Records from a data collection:
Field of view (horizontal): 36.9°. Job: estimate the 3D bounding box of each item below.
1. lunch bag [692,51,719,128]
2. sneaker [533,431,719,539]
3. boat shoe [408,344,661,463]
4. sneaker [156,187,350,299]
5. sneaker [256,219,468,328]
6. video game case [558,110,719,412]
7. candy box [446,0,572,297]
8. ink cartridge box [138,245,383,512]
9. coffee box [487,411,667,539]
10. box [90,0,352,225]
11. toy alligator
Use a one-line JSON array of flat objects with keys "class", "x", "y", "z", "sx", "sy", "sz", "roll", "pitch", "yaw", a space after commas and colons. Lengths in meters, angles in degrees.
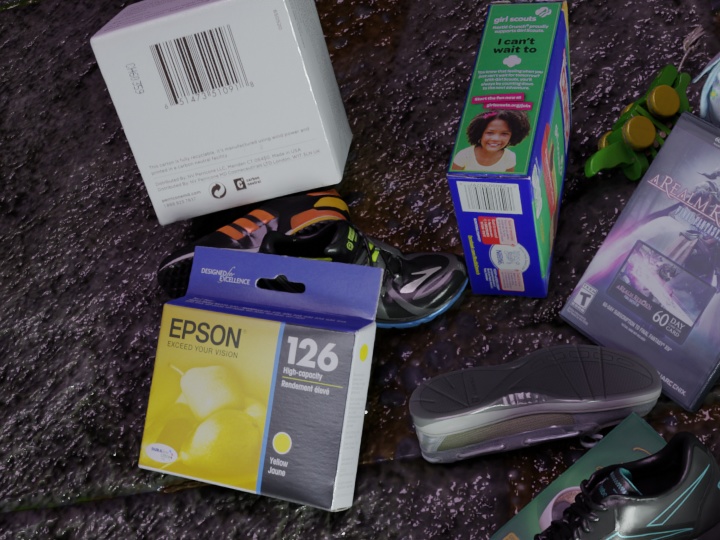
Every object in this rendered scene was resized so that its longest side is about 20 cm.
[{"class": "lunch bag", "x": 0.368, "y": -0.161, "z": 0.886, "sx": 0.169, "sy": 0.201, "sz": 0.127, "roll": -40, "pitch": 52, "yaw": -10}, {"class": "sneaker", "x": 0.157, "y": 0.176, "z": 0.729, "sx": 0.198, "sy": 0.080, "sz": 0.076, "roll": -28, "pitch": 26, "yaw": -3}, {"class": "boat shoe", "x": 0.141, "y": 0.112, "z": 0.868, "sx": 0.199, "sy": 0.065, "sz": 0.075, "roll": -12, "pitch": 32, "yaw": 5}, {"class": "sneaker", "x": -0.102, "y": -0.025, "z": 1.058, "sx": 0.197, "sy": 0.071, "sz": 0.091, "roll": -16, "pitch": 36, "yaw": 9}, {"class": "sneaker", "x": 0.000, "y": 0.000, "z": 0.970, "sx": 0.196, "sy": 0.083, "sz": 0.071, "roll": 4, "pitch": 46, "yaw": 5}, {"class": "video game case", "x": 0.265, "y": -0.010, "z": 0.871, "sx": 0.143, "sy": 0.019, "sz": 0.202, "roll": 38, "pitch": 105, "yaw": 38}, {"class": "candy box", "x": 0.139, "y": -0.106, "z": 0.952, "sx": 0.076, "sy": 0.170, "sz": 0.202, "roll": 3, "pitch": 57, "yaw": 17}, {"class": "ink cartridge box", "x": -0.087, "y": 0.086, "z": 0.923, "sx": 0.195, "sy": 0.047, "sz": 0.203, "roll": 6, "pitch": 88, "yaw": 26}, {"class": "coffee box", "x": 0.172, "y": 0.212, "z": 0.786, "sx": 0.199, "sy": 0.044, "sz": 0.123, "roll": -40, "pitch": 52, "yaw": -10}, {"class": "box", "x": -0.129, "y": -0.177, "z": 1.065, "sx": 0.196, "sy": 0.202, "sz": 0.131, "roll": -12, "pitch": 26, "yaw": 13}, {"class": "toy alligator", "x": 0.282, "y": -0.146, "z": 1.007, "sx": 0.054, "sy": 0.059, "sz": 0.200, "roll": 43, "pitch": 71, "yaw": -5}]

» WHAT TO PRODUCE
The output must be every line of the records, printed exactly, with the pictures omitted.

» ANSWER TO THE EXERCISE
Field of view (horizontal): 36.9°. Job: estimate the 3D bounding box of each item below.
1. lunch bag [692,51,719,128]
2. sneaker [533,431,719,539]
3. boat shoe [408,344,661,463]
4. sneaker [156,187,350,299]
5. sneaker [256,219,468,328]
6. video game case [558,110,719,412]
7. candy box [446,0,572,297]
8. ink cartridge box [138,245,383,512]
9. coffee box [487,411,667,539]
10. box [90,0,352,225]
11. toy alligator
Use a one-line JSON array of flat objects with keys "class", "x", "y", "z", "sx", "sy", "sz", "roll", "pitch", "yaw", a space after commas and colons. Lengths in meters, angles in degrees.
Every object in this rendered scene was resized so that its longest side is about 20 cm.
[{"class": "lunch bag", "x": 0.368, "y": -0.161, "z": 0.886, "sx": 0.169, "sy": 0.201, "sz": 0.127, "roll": -40, "pitch": 52, "yaw": -10}, {"class": "sneaker", "x": 0.157, "y": 0.176, "z": 0.729, "sx": 0.198, "sy": 0.080, "sz": 0.076, "roll": -28, "pitch": 26, "yaw": -3}, {"class": "boat shoe", "x": 0.141, "y": 0.112, "z": 0.868, "sx": 0.199, "sy": 0.065, "sz": 0.075, "roll": -12, "pitch": 32, "yaw": 5}, {"class": "sneaker", "x": -0.102, "y": -0.025, "z": 1.058, "sx": 0.197, "sy": 0.071, "sz": 0.091, "roll": -16, "pitch": 36, "yaw": 9}, {"class": "sneaker", "x": 0.000, "y": 0.000, "z": 0.970, "sx": 0.196, "sy": 0.083, "sz": 0.071, "roll": 4, "pitch": 46, "yaw": 5}, {"class": "video game case", "x": 0.265, "y": -0.010, "z": 0.871, "sx": 0.143, "sy": 0.019, "sz": 0.202, "roll": 38, "pitch": 105, "yaw": 38}, {"class": "candy box", "x": 0.139, "y": -0.106, "z": 0.952, "sx": 0.076, "sy": 0.170, "sz": 0.202, "roll": 3, "pitch": 57, "yaw": 17}, {"class": "ink cartridge box", "x": -0.087, "y": 0.086, "z": 0.923, "sx": 0.195, "sy": 0.047, "sz": 0.203, "roll": 6, "pitch": 88, "yaw": 26}, {"class": "coffee box", "x": 0.172, "y": 0.212, "z": 0.786, "sx": 0.199, "sy": 0.044, "sz": 0.123, "roll": -40, "pitch": 52, "yaw": -10}, {"class": "box", "x": -0.129, "y": -0.177, "z": 1.065, "sx": 0.196, "sy": 0.202, "sz": 0.131, "roll": -12, "pitch": 26, "yaw": 13}, {"class": "toy alligator", "x": 0.282, "y": -0.146, "z": 1.007, "sx": 0.054, "sy": 0.059, "sz": 0.200, "roll": 43, "pitch": 71, "yaw": -5}]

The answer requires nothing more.